I know enough to get myself in trouble but not enough to show someone anything.

It would be nice to have something like this to pass along.

Any help would be greatly appreciated

Thanks
Daver Out!


----------



## PonsAsinorem (Oct 10, 2011)

Here's root

wiki.rootzwiki.com/Main_Page


----------



## TwinShadow (Oct 17, 2011)

There's root in the last post.

ROM's are basically the software the OS is running on. Some are more close to the stock Android experience than others like ASUS tablets or some others. Other companies do something with Android to differentiate a bit like Motorola with Blur, Samsung and Touchwiz, and HTC with Sense. You also have the other kind which are AOSP (Android Open-Source Project) based such as CyanogenMod which take the original Android code, build it on particular phones, add other software for the ROM, and release it for different phones/tablets.
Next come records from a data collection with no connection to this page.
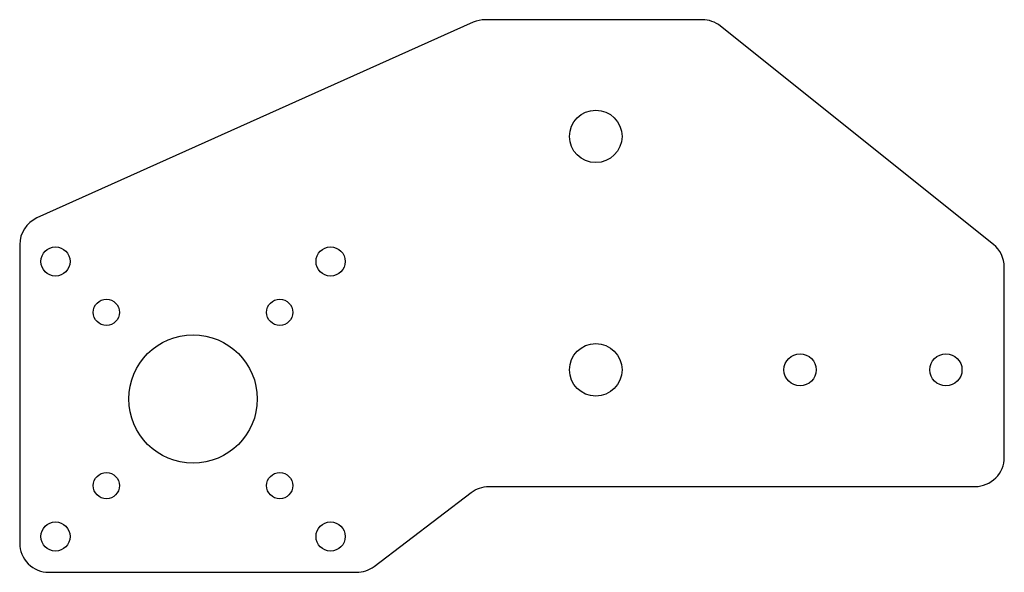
# Model space of a CAD drawing. Header units: millimetres. Extents: x -455 to -287, y -18 to 77.
import ezdxf

# ---------------------------------------------------------------- set-up
doc = ezdxf.new("R2010")
doc.units = ezdxf.units.MM

msp = doc.modelspace()

# ---------------------------------------------------------------- linework, layer by layer
msp.add_lwpolyline([(-452.25, 42.85, 0.295463), (-455.2, 38.29), (-455.2, -12.87, 0.414214), (-450.2, -17.87), (-397.49, -17.87, 0.164182), (-394.46, -16.85), (-377.84, -4.19, -0.164182), (-374.81, -3.17), (-291.5, -3.17, 0.414214), (-286.5, 1.83), (-286.5, 34.43, 0.227838), (-288.38, 38.33), (-335.13, 75.73, 0.170304), (-338.25, 76.83), (-375.43, 76.83, 0.105802), (-377.48, 76.39)], format="xyb", close=True)
for centre, radius in [((-356.5, 56.83), 4.5), ((-449.07, 35.4), 2.5), ((-401.93, 35.4), 2.5), ((-440.35, 26.68), 2.25), ((-410.65, 26.68), 2.25), ((-425.5, 11.83), 11), ((-356.5, 16.83), 4.5), ((-321.5, 16.83), 2.75), ((-296.5, 16.83), 2.75), ((-440.35, -3.02), 2.25), ((-410.65, -3.02), 2.25), ((-449.07, -11.74), 2.5), ((-401.93, -11.74), 2.5)]:
    msp.add_circle(centre, radius)

doc.saveas('drawing.dxf')
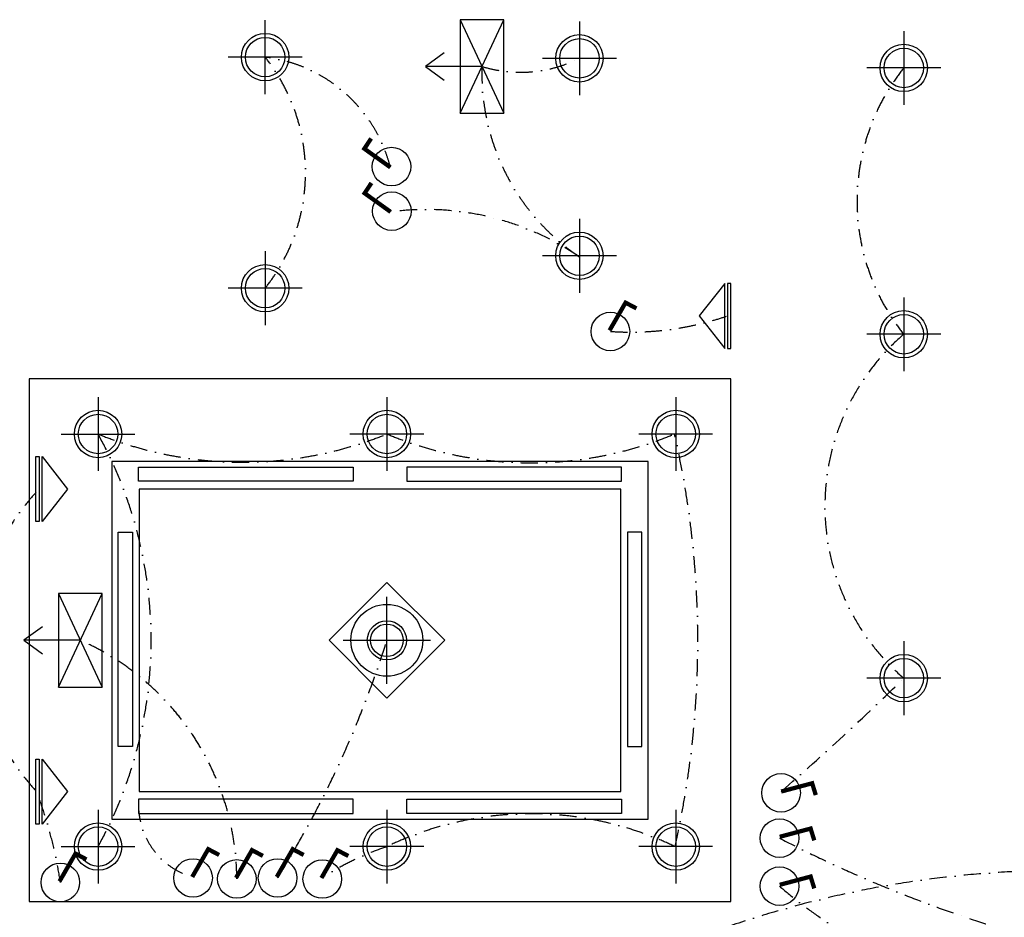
# Model space of a CAD drawing. Header units: millimetres. Extents: x 1795 to 32869, y 2040 to 26467.
# Tile 8 of 10: x 6767 to 13925, y 13253 to 19779. Entities that reach past the tile are written whole.
import ezdxf

# ---------------------------------------------------------------- set-up
doc = ezdxf.new("R2010")
doc.units = ezdxf.units.MM
doc.linetypes.add('DASHDOT2', pattern=[0.5, 0.25, -0.125, 0, -0.125])
doc.linetypes.add('HIDDEN', pattern=[0.375, 0.25, -0.125])
for name, color, linetype in [('AL_Elec - Wall Mounted Halogen 36 W', 7, 'Continuous'), ('Elec - Cable Wires', 143, 'Continuous'), ('Elec - Chandelier', 11, 'Continuous'), ('Elec - Strip Lights', 6, 'Continuous'), ('Struc - Wall Lines', 2, 'Continuous')]:
    doc.layers.add(name, color=color, linetype=linetype)

msp = doc.modelspace()

# ---------------------------------------------------------------- linework, layer by layer
at = {"layer": 'AL_Elec - Wall Mounted Halogen 36 W'}
for p, q in [((8551.1, 19238), (8551.1, 19775.3)), ((10836.2, 19766.5), (10836.2, 19229.2)), ((13194.4, 19696.6), (13194.4, 19159.3)), ((8819.7, 19506.6), (8282.5, 19506.6)), ((11104.8, 19497.9), (10567.6, 19497.9)), ((13463, 19428), (12925.8, 19428)), ((10836.2, 18331.2), (10836.2, 17794)), ((8551.1, 18095.3), (8551.1, 17558)), ((11104.8, 18062.6), (10567.6, 18062.6)), ((8819.7, 17826.6), (8282.5, 17826.6)), ((13194.4, 17760.3), (13194.4, 17223)), ((13463, 17491.6), (12925.8, 17491.6)), ((7336.2, 17035.3), (7336.2, 16498)), ((9436.2, 17035.3), (9436.2, 16498)), ((11536.2, 17035.3), (11536.2, 16498)), ((7067.6, 16766.6), (7604.8, 16766.6)), ((9704.8, 16766.6), (9167.6, 16766.6)), ((11804.8, 16766.6), (11267.6, 16766.6)), ((13194.4, 15260.3), (13194.4, 14723)), ((13463, 14991.6), (12925.8, 14991.6)), ((7336.2, 14035.3), (7336.2, 13498)), ((9436.2, 14035.3), (9436.2, 13498)), ((11536.2, 14035.3), (11536.2, 13498)), ((7067.6, 13766.6), (7604.8, 13766.6)), ((9704.8, 13766.6), (9167.6, 13766.6)), ((11804.8, 13766.6), (11267.6, 13766.6))]:
    msp.add_line(p, q, dxfattribs=at)
for points in [[(10286.4, 19098.6), (10286.4, 19778.9), (9968.9, 19778.9), (9968.9, 19098.6)], [(11707.5, 17625.1), (11707.5, 17625.1), (11892.3, 17388.5), (11892.3, 17861.7)], [(11912.1, 17861.7), (11912.1, 17388.5), (11936.2, 17388.5), (11936.2, 17861.7)], [(6909.1, 16603.3), (6909.1, 16130), (6885, 16130), (6885, 16603.3)], [(7113.7, 16366.6), (7113.7, 16366.6), (6928.9, 16130), (6928.9, 16603.3)], [(9190.2, 16526.7), (9190.2, 16422.7), (7630.2, 16422.7), (7630.2, 16526.7)], [(9582.2, 16526.7), (9582.2, 16422.7), (11142.2, 16422.7), (11142.2, 16526.7)], [(7483, 16053.6), (7587, 16053.6), (7587, 14493.6), (7483, 14493.6)], [(11289.4, 16053.6), (11185.4, 16053.6), (11185.4, 14493.6), (11289.4, 14493.6)], [(7366.7, 14926.5), (7366.7, 15606.8), (7049.3, 15606.8), (7049.3, 14926.5)], [(6909.1, 14403.3), (6909.1, 13930), (6885, 13930), (6885, 14403.3)], [(7113.7, 14166.6), (7113.7, 14166.6), (6928.9, 13930), (6928.9, 14403.3)], [(9190.2, 14006.6), (9190.2, 14110.6), (7630.2, 14110.6), (7630.2, 14006.6)], [(9582.2, 14006.6), (9582.2, 14110.6), (11142.2, 14110.6), (11142.2, 14006.6)]]:
    msp.add_lwpolyline(points, close=True, dxfattribs=at)
for points in [[(9968.9, 19098.6), (10286.4, 19778.9)], [(9968.9, 19778.9), (10286.4, 19098.6)], [(9852.1, 19537.2), (9716.6, 19438.7), (9852.1, 19340.2)], [(10127.7, 19438.7), (9716.6, 19438.7)], [(7049.3, 14926.5), (7366.7, 15606.8)], [(7049.3, 15606.8), (7366.7, 14926.5)], [(6932.5, 15365.1), (6797, 15266.6), (6932.5, 15168.1)], [(7208, 15266.6), (6797, 15266.6)]]:
    msp.add_lwpolyline(points, dxfattribs=at)
at = {"layer": 'AL_Elec - Wall Mounted Halogen 36 W', "const_width": 31.2}
for points in [[(9461.9, 18705.5), (9272.6, 18840.8), (9322, 18915.8)], [(9463.8, 18381.5), (9274.5, 18516.9), (9323.9, 18591.9)], [(11055.4, 17519.8), (11171.6, 17721.5), (11251, 17679.7)], [(12303.4, 14167.3), (12528.3, 14227.2), (12554.7, 14141.3)], [(12292.4, 13838.1), (12517.3, 13897.9), (12543.7, 13812.1)], [(8020.9, 13546.3), (8137.2, 13748), (8216.6, 13706.2)], [(8339.4, 13539.4), (8455.6, 13741), (8535, 13699.2)], [(8635.7, 13546.3), (8751.9, 13748), (8831.4, 13706.2)], [(8960.3, 13538.7), (9076.5, 13740.4), (9155.9, 13698.6)], [(7056, 13514), (7172.2, 13715.6), (7251.7, 13673.8)], [(12292.4, 13489), (12517.3, 13548.8), (12543.7, 13463)]]:
    msp.add_lwpolyline(points, dxfattribs=at)
at = {"layer": 'AL_Elec - Wall Mounted Halogen 36 W', "color": 30}
msp.add_lwpolyline([(9436.2, 15687.4), (9856.9, 15266.6), (9436.2, 14845.9), (9015.5, 15266.6)], close=True, dxfattribs=at)
at = {"layer": 'AL_Elec - Wall Mounted Halogen 36 W'}
for centre, radius in [((8551.1, 19506.6), 172.2), ((8551.1, 19506.6), 143.4), ((10836.2, 19497.9), 172.2), ((10836.2, 19497.9), 143.4), ((13194.4, 19428), 172.2), ((13194.4, 19428), 143.4), ((9470.1, 18710.9), 140.3), ((9472, 18386.9), 140.3), ((10836.2, 18062.6), 172.2), ((10836.2, 18062.6), 143.4), ((8551.1, 17826.6), 172.2), ((8551.1, 17826.6), 143.4), ((11061.6, 17512.2), 140.3), ((13194.4, 17491.6), 172.2), ((13194.4, 17491.6), 143.4), ((7336.2, 16766.6), 172.2), ((7336.2, 16766.6), 143.4), ((9436.2, 16766.6), 172.2), ((9436.2, 16766.6), 143.4), ((11536.2, 16766.6), 172.2), ((11536.2, 16766.6), 143.4), ((13194.4, 14991.6), 172.2), ((13194.4, 14991.6), 143.4), ((12302.3, 14157.6), 140.3), ((12291.3, 13828.3), 140.3), ((7336.2, 13766.6), 172.2), ((7336.2, 13766.6), 143.4), ((9436.2, 13766.6), 172.2), ((9436.2, 13766.6), 143.4), ((11536.2, 13766.6), 172.2), ((11536.2, 13766.6), 143.4), ((8027.1, 13538.7), 140.3), ((8641.9, 13538.7), 140.3), ((7062.2, 13506.3), 140.3), ((8345.5, 13531.8), 140.3), ((8966.5, 13531.1), 140.3), ((12291.3, 13479.2), 140.3)]:
    msp.add_circle(centre, radius, dxfattribs=at)
at = {"layer": 'Elec - Cable Wires', "linetype": 'DASHDOT2', "ltscale": 500}
for centre, radius, start, end in [((8420.9, 18440.3), 1074.3, 14.29047, 83.03921), ((7495.7, 18666.6), 1348.9, 321.48262, 38.51738), ((10407.9, 20354.5), 957.7, 252.9819, 296.561), ((11734.6, 19387.6), 1607.7, 178.1767, 236.02768), ((14404.8, 18459.8), 1550, 141.34538, 218.65462), ((9723.3, 16428.3), 1970.3, 55.60971, 97.56652), ((11204.5, 19695.5), 2187.9, 266.25381, 288.70991), ((14269.6, 16241.6), 1648.8, 130.70071, 229.29929), ((8386.2, 19356.3), 2794.5, 247.92972, 292.07028), ((4616, 15266.6), 3106.4, 331.12652, 28.87348), ((10482.1, 19275.3), 2717.9, 247.36729, 292.63271), ((4895, 15259.9), 6802, 347.31807, 12.79776), ((8054.6, 15256.6), 1595.1, 137.16, 224.0976), ((6430.7, 13516.6), 1914.9, 0.45404, 66.05286), ((2250.2, 17523.4), 7532, 328.06037, 342.56539), ((-25.8, 28388.7), 18821.6, 310.92343, 314.61923), ((3924.8, 13040.9), 3171.7, 8.43773, 20.40266), ((8176.7, 14070.3), 546.6, 180, 253.44814), ((7814.7, 14946.6), 2207.9, 206.34642, 298.60348), ((10483.6, 11588.4), 2417, 64.31841, 115.68159), ((16744.2, 22423.8), 9680.4, 242.61341, 266.02804), ((10159.4, 11645.6), 2240.9, 108.82867, 122.3516), ((14347.2, 6157.8), 7435.2, 69.51209, 110.0471), ((14268.9, 15741.1), 3004.5, 228.83708, 278.86501)]:
    msp.add_arc(centre, radius, start, end, dxfattribs=at)
at = {"layer": 'Elec - Chandelier', "color": 30}
for p, q in [((9436.2, 14949.4), (9436.2, 15583.8)), ((9119, 15266.6), (9753.4, 15266.6))]:
    msp.add_line(p, q, dxfattribs=at)
for radius in [261.3, 142.3, 118.5]:
    msp.add_circle((9436.2, 15266.6), radius, dxfattribs=at)
at = {"layer": 'Elec - Strip Lights'}
for p, q in [((11936.2, 17166.6), (6836.2, 17166.6)), ((6836.2, 17166.6), (6836.2, 13366.6)), ((11936.2, 13366.6), (11936.2, 17166.6)), ((11336.2, 16566.6), (7436.2, 16566.6)), ((7436.2, 16566.6), (7436.2, 13966.6)), ((11336.2, 13966.6), (11336.2, 16566.6)), ((7436.2, 13966.6), (11336.2, 13966.6)), ((6836.2, 13366.6), (11936.2, 13366.6))]:
    msp.add_line(p, q, dxfattribs=at)
at = {"layer": 'Struc - Wall Lines', "linetype": 'HIDDEN', "ltscale": 10}
for p, q in [((11136.2, 16366.6), (7636.2, 16366.6)), ((7636.2, 16366.6), (7636.2, 14166.6)), ((11136.2, 14166.6), (11136.2, 16366.6)), ((7636.2, 14166.6), (11136.2, 14166.6))]:
    msp.add_line(p, q, dxfattribs=at)

doc.saveas('drawing.dxf')

Far as kernels go, its a bit complicated. The simple answer is that its the base system the OS runs on. Android is based off the Linux kernel, which is where the "root" comes from. It basically tells how the system will boot as well as memory management and other things. You can get more information here: http://www.howtogeek.com/howto/31632/what-is-the-linux-kernel-and-what-does-it-do/


----------



## daveronline (Apr 28, 2012)

Thanks a lot!

Sent from my DROID RAZR using Tapatalk 2


----------